### Task objective
Where the word "degrees" shows up in the entries below, please copy the whole line.

[Records excerpted from a collection]
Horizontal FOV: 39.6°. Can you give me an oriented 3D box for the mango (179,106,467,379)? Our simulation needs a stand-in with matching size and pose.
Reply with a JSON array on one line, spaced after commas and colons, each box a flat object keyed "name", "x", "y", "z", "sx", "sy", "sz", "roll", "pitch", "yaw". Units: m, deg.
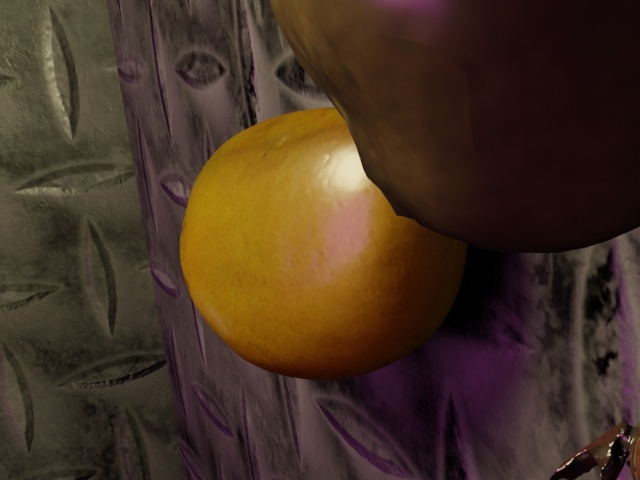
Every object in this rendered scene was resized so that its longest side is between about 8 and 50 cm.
[{"name": "mango", "x": 0.000, "y": 0.000, "z": 0.959, "sx": 0.446, "sy": 0.232, "sz": 0.300, "roll": -21, "pitch": 77, "yaw": 59}]

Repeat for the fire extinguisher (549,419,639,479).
[{"name": "fire extinguisher", "x": 0.254, "y": 0.165, "z": 0.608, "sx": 0.075, "sy": 0.106, "sz": 0.252, "roll": 61, "pitch": 159, "yaw": -13}]

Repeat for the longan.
[{"name": "longan", "x": 0.117, "y": -0.154, "z": 0.524, "sx": 0.319, "sy": 0.319, "sz": 0.319, "roll": 43, "pitch": 140, "yaw": 53}]
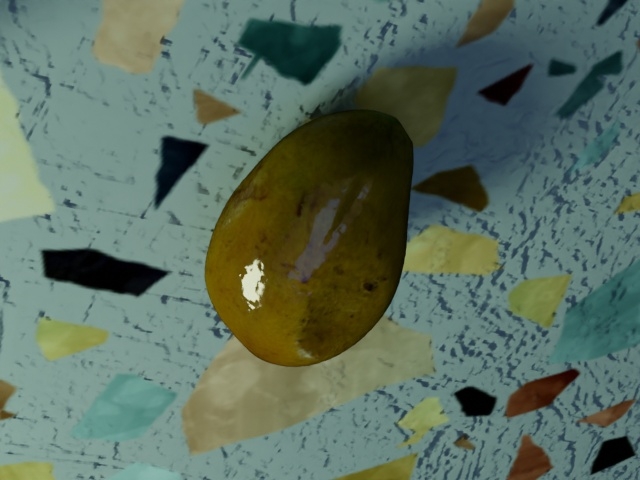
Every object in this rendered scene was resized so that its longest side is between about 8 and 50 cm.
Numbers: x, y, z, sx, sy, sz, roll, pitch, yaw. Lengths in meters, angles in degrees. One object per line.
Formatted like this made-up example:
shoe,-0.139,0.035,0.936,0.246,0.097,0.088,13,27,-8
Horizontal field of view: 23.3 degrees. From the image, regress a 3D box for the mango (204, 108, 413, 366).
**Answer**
mango,-0.007,0.002,0.877,0.115,0.089,0.165,-9,137,-17

### Expected answer
Numbers: x, y, z, sx, sy, sz, roll, pitch, yaw. Lengths in meters, angles in degrees. One object per line.
Horizontal field of view: 23.3 degrees. From the image, regress a 3D box for the mango (204, 108, 413, 366).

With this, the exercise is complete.